> _EXERCISE DATA_:
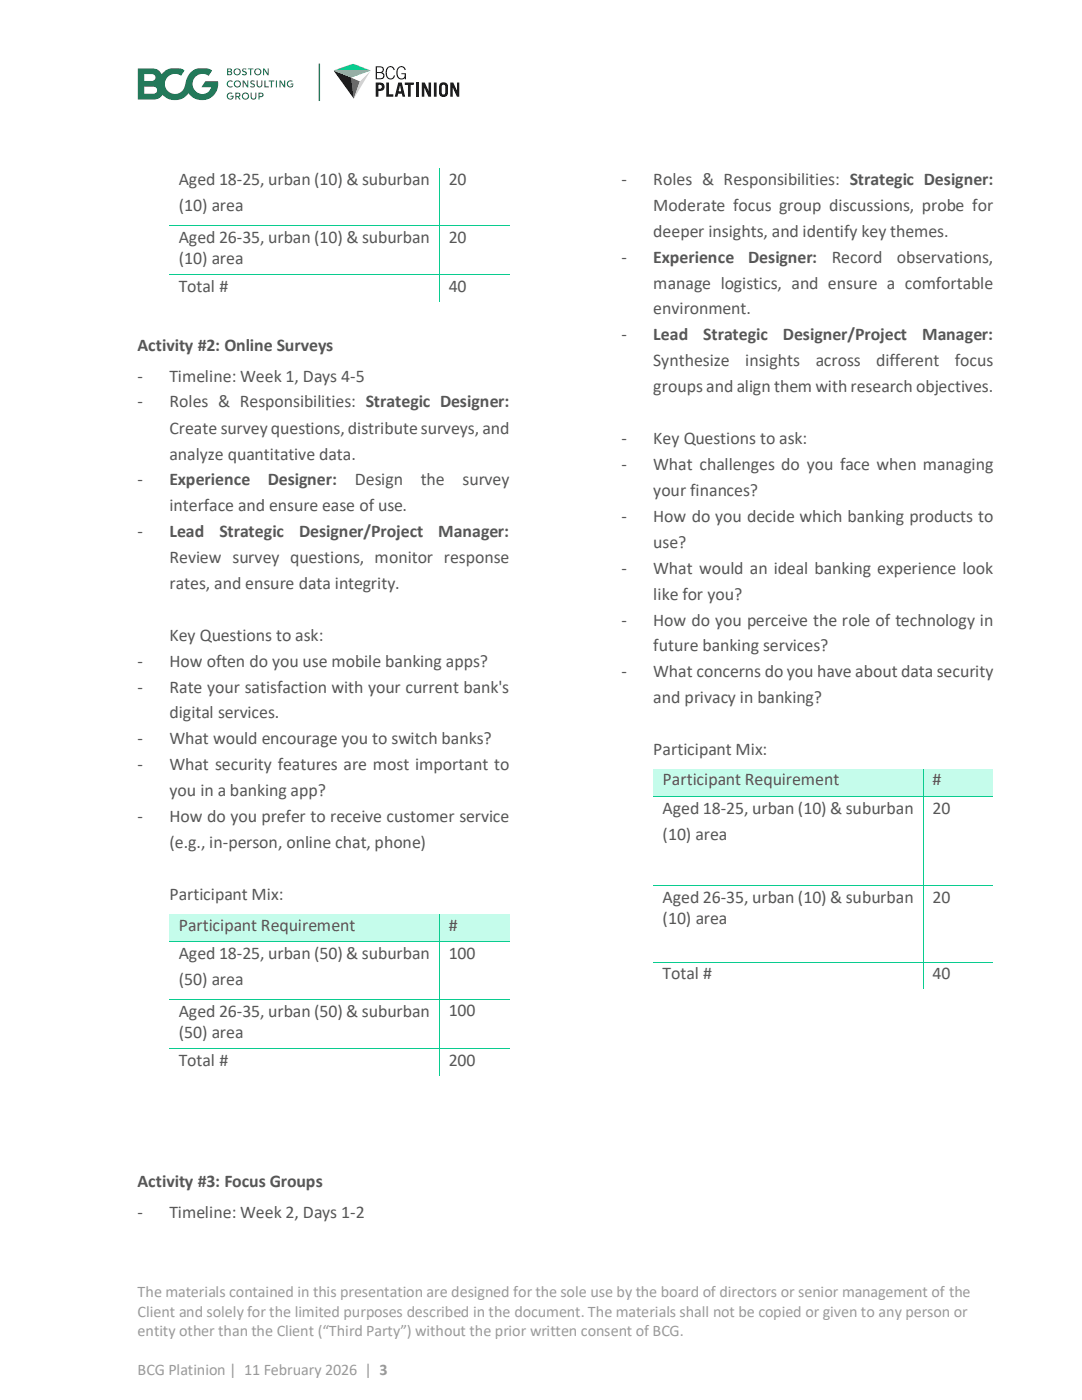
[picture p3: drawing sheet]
<svg xmlns="http://www.w3.org/2000/svg" width="216mm" height="279mm" viewBox="0 0 216 279" stroke-linecap="round" stroke-linejoin="round" font-family="sans-serif">
<defs><g id="words">
<g font-size="3.6" fill="#575757">
<text x="35.7" y="36.9">Aged 18-25, urban (10) &amp; suburban</text>
<text x="89.5" y="36.9">20</text>
<text x="124" y="36.9">-</text>
<text x="130.4" y="36.9">Roles &amp; Responsibilities: Strategic Designer:</text>
<text x="35.7" y="42.1">(10) area</text>
<text x="130.4" y="42.1">Moderate focus group discussions, probe for</text>
<text x="130.4" y="47.3">deeper insights, and identify key themes.</text>
<text x="35.7" y="48.5">Aged 26-35, urban (10) &amp; suburban</text>
<text x="35.7" y="52.8">(10) area</text>
<text x="89.5" y="48.4">20</text>
<text x="124" y="52.4">-</text>
<text x="130.4" y="52.4">Experience</text>
<text x="149.3" y="52.4">Designer:</text>
<text x="166" y="52.4">Record</text>
<text x="179" y="52.4">observations,</text>
<text x="35.7" y="58.3">Total #</text>
<text x="89.5" y="58.3">40</text>
<text x="130.4" y="57.6">manage logistics, and ensure a comfortable</text>
<text x="130.4" y="62.8">environment.</text>
<text x="27.4" y="70">Activity #2: Online Surveys</text>
<text x="124" y="67.9">-</text>
<text x="130.4" y="67.9">Lead</text>
<text x="140.3" y="67.9">Strategic</text>
<text x="156.2" y="67.9">Designer/Project</text>
<text x="184" y="67.9">Manager:</text>
<text x="27.4" y="76.1">-</text>
<text x="33.8" y="76.1">Timeline: Week 1, Days 4-5</text>
<text x="130.4" y="73.1">Synthesize</text>
<text x="148.7" y="73.1">insights</text>
<text x="162.8" y="73.1">across</text>
<text x="174.9" y="73.1">different</text>
<text x="190.5" y="73.1">focus</text>
<text x="27.4" y="81.3">-</text>
<text x="33.8" y="81.3">Roles &amp; Responsibilities: Strategic Designer:</text>
<text x="130.4" y="78.3">groups and align them with research objectives.</text>
<text x="33.8" y="86.6">Create survey questions, distribute surveys, and</text>
<text x="124" y="88.6">-</text>
<text x="130.4" y="88.6">Key Questions to ask:</text>
<text x="33.8" y="91.7">analyze quantitative data.</text>
<text x="124" y="93.8">-</text>
<text x="130.4" y="93.8">What challenges do you face when managing</text>
<text x="27.4" y="96.9">-</text>
<text x="33.8" y="96.9">Experience</text>
<text x="53.4" y="96.9">Designer:</text>
<text x="70.8" y="96.9">Design</text>
<text x="84" y="96.9">the</text>
<text x="92.3" y="96.9">survey</text>
<text x="130.4" y="98.9">your finances?</text>
<text x="27.4" y="107.2">-</text>
<text x="33.8" y="102">interface and ensure ease of use.</text>
<text x="33.8" y="107.2">Lead</text>
<text x="43.8" y="107.2">Strategic</text>
<text x="59.7" y="107.2">Designer/Project</text>
<text x="87.4" y="107.2">Manager:</text>
<text x="124" y="104.1">-</text>
<text x="130.4" y="104.1">How do you decide which banking products to</text>
<text x="33.8" y="112.4">Review survey questions, monitor response</text>
<text x="130.4" y="109.3">use?</text>
<text x="33.8" y="117.6">rates, and ensure data integrity.</text>
<text x="124" y="114.5">-</text>
<text x="130.4" y="114.5">What would an ideal banking experience look</text>
<text x="130.4" y="119.7">like for you?</text>
<text x="124" y="124.8">-</text>
<text x="130.4" y="124.8">How do you perceive the role of technology in</text>
<text x="33.8" y="127.9">Key Questions to ask:</text>
<text x="130.4" y="130">future banking services?</text>
<text x="27.4" y="133.1">-</text>
<text x="33.8" y="133.1">How often do you use mobile banking apps?</text>
<text x="124" y="135.2">-</text>
<text x="130.4" y="135.2">What concerns do you have about data security</text>
<text x="27.4" y="138.2">-</text>
<text x="33.8" y="138.2">Rate your satisfaction with your current bank's</text>
<text x="33.8" y="143.4">digital services.</text>
<text x="130.4" y="140.3">and privacy in banking?</text>
<text x="27.4" y="148.5">-</text>
<text x="33.8" y="148.5">What would encourage you to switch banks?</text>
<text x="27.4" y="153.7">-</text>
<text x="33.8" y="153.7">What security features are most important to</text>
<text x="130.4" y="150.7">Participant Mix:</text>
<text x="33.8" y="158.9">you in a banking app?</text>
<text x="132.2" y="156.8">Participant Requirement</text>
<text x="186.1" y="156.8">#</text>
<text x="27.4" y="164">-</text>
<text x="33.8" y="164">How do you prefer to receive customer service</text>
<text x="132.2" y="162.4">Aged 18-25, urban (10) &amp; suburban</text>
<text x="132.2" y="167.6">(10) area</text>
<text x="186.1" y="162.4">20</text>
<text x="33.8" y="169.2">(e.g., in-person, online chat, phone)</text>
<text x="33.8" y="179.5">Participant Mix:</text>
<text x="35.7" y="185.7">Participant Requirement</text>
<text x="89.5" y="185.7">#</text>
<text x="132.2" y="180.2">Aged 26-35, urban (10) &amp; suburban</text>
<text x="132.2" y="184.5">(10) area</text>
<text x="186.1" y="180.1">20</text>
<text x="35.7" y="191.3">Aged 18-25, urban (50) &amp; suburban</text>
<text x="89.5" y="191.3">100</text>
<text x="35.7" y="196.5">(50) area</text>
<text x="132.2" y="195.4">Total #</text>
<text x="186.1" y="195.4">40</text>
<text x="35.7" y="202.9">Aged 26-35, urban (50) &amp; suburban</text>
<text x="89.5" y="202.8">100</text>
<text x="35.7" y="207.2">(50) area</text>
<text x="35.7" y="212.7">Total #</text>
<text x="89.5" y="212.7">200</text>
<text x="27.4" y="236.8">Activity #3: Focus Groups</text>
<text x="27.4" y="243.1">-</text>
<text x="33.8" y="243.1">Timeline: Week 2, Days 1-2</text>
</g>
<g font-size="3.2" fill="#9a9a9a">
<text x="27.4" y="258.9">The materials contained in this presentation are designed for the sole use by the board of directors or senior management of the</text>
<text x="27.4" y="262.8">Client and solely for the limited purposes described in the document. The materials shall not be copied or given to any person or</text>
<text x="27.4" y="266.6">entity other than the Client (“Third Party”) without the prior written consent of BCG.</text>
<text x="27.4" y="274.4">BCG Platinion | 11 February 2026 | 3</text>
</g>
</g></defs>
<g fill="#177b57">
<path d="M45.5 13.8v.4h.5v-.3zM45.5 14.4v.4h.4a.21 .21 0 0 0 .2-.2 .21 .21 0 0 0-.2-.2zM50.9 14.3a.55 .55 0 0 1 1.1 0 .55 .55 0 0 1-1.1 0zM46.8 14.3a.51 .51 0 0 1 1 0 .51 .51 0 0 1-1 0zM52.5 13.6h.3l.6 1.1v-1.1h.2v1.4h-.2l-.7-1.1v1.1h-.2zM49.5 13.6h1.1v.2h-.5v1.2h-.2v-1.2h-.4zM45.3 13.6h.6a.35 .35 0 0 1 .4 .2 .35 .35 0 0 1-.2 .5 .39 .39 0 0 1 .2 .4 .39 .39 0 0 1-.4 .3h-.6zM46.6 14.3a.73 .73 0 0 0 1.4 0 .73 .73 0 0 0-1.4 0zM50.7 14.3a.75 .75 0 0 0 1.5 0 .75 .75 0 0 0-1.5 0zM48.4 13.7a.51 .51 0 0 0 0 .6 .51 .51 0 0 0 .5 .2 .3 .3 0 0 1-.1 .4 .3 .3 0 0 1-.4-.2l-.1 .1a.48 .48 0 0 0 .7 .2 .48 .48 0 0 0 .2-.6 .48 .48 0 0 0-.6-.3 .26 .26 0 0 1 .1-.3 .26 .26 0 0 1 .4 .1l.1-.2-.2-.1zM46.8 16.8a.55 .55 0 0 0 1.1 0 .55 .55 0 0 0-1.1 0zM53.6 16.1h1.1v.2h-.4v1.1h-.2v-1.1h-.5zM52.8 16.1h.2v1.1h.7v.2h-.9zM48.4 16.1h.3l.6 1v-1h.3v1.3h-.3l-.7-1v1h-.2zM55.8 16.1h.2l.7 1v-1h.2v1.3h-.2l-.7-1v1h-.2zM55 16.1h.3v1.3h-.3zM51.2 16.1h.2l.1 .9a.35 .35 0 0 0 .4 .3 .35 .35 0 0 0 .2-.4v-.8h.2v.8a.57 .57 0 0 1-.5 .6 .57 .57 0 0 1-.6-.6zM46.6 16.7a.75 .75 0 0 1 1.5 0 .75 .75 0 0 1-1.5 0zM57.4 16.2l.7-.2 .3 .2-.1 .1a.49 .49 0 0 0-.8 .1 .49 .49 0 0 0 .2 .7 .49 .49 0 0 0 .7-.2h-.5l.2-.2h.5a.71 .71 0 0 1-.9 .8 .71 .71 0 0 1-.3-1.3zM45.5 16.2l.6-.2 .3 .2-.1 .2a.52 .52 0 0 0-.7 0 .52 .52 0 0 0 0 .7 .52 .52 0 0 0 .7 0l.1 .2a.73 .73 0 0 1-1-.1 .73 .73 0 0 1 .1-1zM50.1 16.1h.5l.2 .1-.1 .1a.24 .24 0 0 0-.4-.1 .24 .24 0 0 0 .1 .4 .46 .46 0 0 1 .5 .6 .46 .46 0 0 1-.8 .2l-.2-.1 .1-.2a.28 .28 0 0 0 .4 .2 .28 .28 0 0 0 .1-.4l-.5-.3zM47.2 18.7v.5h.3a.24 .24 0 0 0 .3-.3 .24 .24 0 0 0-.3-.2zM51.8 18.7v.5l.5-.1v-.3zM48.5 19.2a.51 .51 0 0 0 1 0 .51 .51 0 0 0-1 0zM51.6 18.5h.5a.45 .45 0 0 1 .5 .4 .45 .45 0 0 1-.5 .5h-.3v.5h-.2zM46.9 18.5h.6a.44 .44 0 0 1 .5 .3 .44 .44 0 0 1-.3 .5l.3 .6h-.3l-.3-.5h-.2v.5h-.3zM50 18.5h.2l.1 1a.35 .35 0 0 0 .4 .2 .35 .35 0 0 0 .2-.4v-.8h.3v.8a.57 .57 0 0 1-.6 .6 .57 .57 0 0 1-.6-.6zM48.3 19.2a.73 .73 0 0 1 1.4 0 .73 .73 0 0 1-1.4 0zM45.4 18.7l.7-.2 .3 .1-.1 .2a.49 .49 0 0 0-.7 0 .49 .49 0 0 0 .1 .8 .49 .49 0 0 0 .7-.3h-.5l.2-.2h.5a.72 .72 0 0 1-.9 .8 .72 .72 0 0 1-.3-1.2z"/>
<path d="M27.4 13.6v6.3h3.3a2.04 2.04 0 0 0 1.7-1 3.4 3.4 0 0 0 5.2-.3 3.2 3.2 0 0 0 3.9 1.2 3.2 3.2 0 0 0 2-3.6h-2.5l-.8 1.2h1.9a1.97 1.97 0 0 1-3.3 .6 1.97 1.97 0 0 1 1.2-3.2h.9l.7 .3 .7-1a3.5 3.5 0 0 0-5.3 2.7 2.03 2.03 0 0 1-2.5 1.9 2.03 2.03 0 0 1-1.4-2.8 2.03 2.03 0 0 1 3-.8l.7-1.1a3.6 3.6 0 0 0-4.6 .9 1.89 1.89 0 0 0-1.9-1.3zM28.8 14.8h1.5a.68 .68 0 0 1 .7 .7 .68 .68 0 0 1-.7 .7h-1.5zM28.8 17.3h1.8a.71 .71 0 0 1 .8 .7 .71 .71 0 0 1-.8 .7h-1.8z"/>
</g>
<g fill="#111112">
<path d="M77.4 13.4a.85 .85 0 0 1 1.4 .5l-.2 .1a.71 .71 0 0 0-.9-.6 .71 .71 0 0 0-.5 1 .89 .89 0 0 0 .2 .9 .89 .89 0 0 0 .9 .3l.3-.6 .2 .1a.95 .95 0 0 1-1.1 .7 .95 .95 0 0 1-.7-1.1 1.58 1.58 0 0 1 .4-1.3z"/>
<path d="M79.5 13.4a.88 .88 0 0 1 1.5 .5l-.3 .1a.73 .73 0 0 0-.9-.6 .73 .73 0 0 0-.5 1 .87 .87 0 0 0 .2 1 .87 .87 0 0 0 1.1 .1l.2-.7h-.7v-.2h.9v1.2h-.2v-.2a1.08 1.08 0 0 1-1.4 0 1.08 1.08 0 0 1-.3-1.3l.1-.5z"/>
<path d="M77.1 16.5h.5v2.3h.9v.5h-1.4z"/>
<path d="M80.8 16.5h1.8v.5h-.7v2.3h-.5v-2.3h-.6z"/>
<path d="M83.1 16.5h.5v2.8h-.5z"/>
<path d="M84.2 16.5h.6l.7 1.7v-1.7h.5v2.8h-.5l-.8-1.8v1.8h-.5z"/>
<path d="M86.6 16.5h.5v2.8h-.5z"/>
<path d="M89.9 16.5h.5l.8 1.7v-1.7h.5v2.8h-.5l-.8-1.8-.1 1.8h-.4z"/>
<path d="M75.2 14.6v1h.6a.55 .55 0 0 0 .7-.5 .55 .55 0 0 0-.8-.5zM75.2 13.4v1h.6a.5 .5 0 0 0 .6-.6 .5 .5 0 0 0-.7-.4zM75 13.2h.7a.66 .66 0 0 1 .8 .4 .66 .66 0 0 1-.3 .8 .72 .72 0 0 1 .5 .9 .72 .72 0 0 1-.9 .5h-.8z"/>
<path d="M75.5 16.9v.8h.3a.4 .4 0 0 0 .4-.4 .4 .4 0 0 0-.4-.4zM75 16.5a1.65 1.65 0 0 1 1.6 .4 .91 .91 0 0 1-.1 1 .91 .91 0 0 1-1 .3v1.1h-.5z"/>
<path d="M79.8 17.1l-.3 1.1h.6zM79.5 16.5h.7l.6 2.8h-.5l-.1-.6h-.8l-.1 .6h-.5z"/>
<path d="M88.2 17l-.1 1.5a.35 .35 0 0 0 .4 .4 .35 .35 0 0 0 .3-.4v-1.4l-.2-.2zM87.9 16.7a.91 .91 0 0 1 1-.2 .91 .91 0 0 1 .5 .9v1a.89 .89 0 0 1-.9 .9 .89 .89 0 0 1-.9-.9v-1.2z"/>
</g>
<path d="M70.1 15.5l1.7 .7-1.2 3.5z" fill="#686b6c"/>
<path d="M66.6 14.1l3.5 1.4 .5 4.2z" fill="#111112"/>
<path d="M71.8 16.2l2.2-2.1-3.4 5.6z" fill="#d2d3d2"/>
<path d="M70.1 15.5l3.9-1.4-2.2 2.1z" fill="#fefefe"/>
<path d="M66.6 14.1l3.9-1.4 3.5 1.4-3.9 1.4z" fill="#4dc080"/>
<path d="M66.6 14.1h7.4l-3.9 1.4z" fill="#8ed7af"/>
<path d="M63.7 12.7v7.5" fill="none" stroke="#125c41" stroke-width=".26"/>
<path d="M87.7 33.5v11.5M33.8 45.1h53.8" fill="none" stroke="#09cc8f" stroke-width=".2"/>
<path d="M87.6 45h.1v.1h-.1z" fill-rule="evenodd" fill="#09cc8f"/>
<path d="M33.8 54.9h53.8M87.7 45.1v9.7M87.7 45.1h13.9" fill="none" stroke="#09cc8f" stroke-width=".2"/>
<path d="M87.6 54.8h.1v.2h-.1z" fill-rule="evenodd" fill="#09cc8f"/>
<path d="M87.7 55v5.3M87.7 54.9h13.9" fill="none" stroke="#09cc8f" stroke-width=".2"/>
<g fill="#c5fceb">
<path d="M33.8 182.4h53.8v5.4h-53.8z" fill-rule="evenodd"/>
<path d="M35.7 182.4h50.1v5.4h-50.1z" fill-rule="evenodd"/>
<path d="M87.7 182.4h13.9v5.4h-13.9z" fill-rule="evenodd"/>
<path d="M89.5 182.4h10.2v5.4h-10.2z" fill-rule="evenodd"/>
</g>
<path d="M33.8 187.8h53.8M87.7 182.4v5.4" fill="none" stroke="#09cc8f" stroke-width=".2"/>
<path d="M87.6 187.8h.1v.1h-.1z" fill-rule="evenodd" fill="#09cc8f"/>
<path d="M33.8 199.4h53.8M87.7 187.9v11.5M87.7 187.8h13.9" fill="none" stroke="#09cc8f" stroke-width=".2"/>
<path d="M87.6 199.4h.1v.1h-.1z" fill-rule="evenodd" fill="#09cc8f"/>
<path d="M87.7 199.5v9.7M87.7 199.4h13.9M33.8 209.3h53.8" fill="none" stroke="#09cc8f" stroke-width=".2"/>
<path d="M87.6 209.2h.1v.2h-.1z" fill-rule="evenodd" fill="#09cc8f"/>
<path d="M87.7 209.4v5.3M87.7 209.3h13.9" fill="none" stroke="#09cc8f" stroke-width=".2"/>
<g fill="#c5fceb">
<path d="M130.4 153.5h53.7v5.4h-53.7z" fill-rule="evenodd"/>
<path d="M132.2 153.5h50.1v5.4h-50.1z" fill-rule="evenodd"/>
<path d="M184.3 153.5h13.9v5.4h-13.9z" fill-rule="evenodd"/>
<path d="M186.1 153.5h10.1v5.4h-10.1z" fill-rule="evenodd"/>
</g>
<path d="M130.4 159h53.7M184.2 153.5v5.4" fill="none" stroke="#09cc8f" stroke-width=".2"/>
<path d="M184.1 158.9h.2v.1h-.2z" fill-rule="evenodd" fill="#09cc8f"/>
<path d="M184.2 159v17.7M184.3 159h13.9M130.4 176.7h53.7" fill="none" stroke="#09cc8f" stroke-width=".2"/>
<path d="M184.1 176.7h.2v.1h-.2z" fill-rule="evenodd" fill="#09cc8f"/>
<path d="M184.2 176.8v15.1M184.3 176.7h13.9M130.4 192h53.7" fill="none" stroke="#09cc8f" stroke-width=".2"/>
<path d="M184.1 191.9h.2v.2h-.2z" fill-rule="evenodd" fill="#09cc8f"/>
<path d="M184.2 192.1v5.3M184.3 192h13.9" fill="none" stroke="#09cc8f" stroke-width=".2"/>
<use href="#words"/>
</svg>

> _TASK DIRECTIONS_: From the material above, copy every line that has the word "your" in it.

> _RESPONSE TO THIS TASK_:
<text x="130.4" y="98.9">your finances?</text>
<text x="33.8" y="138.2">Rate your satisfaction with your current bank's</text>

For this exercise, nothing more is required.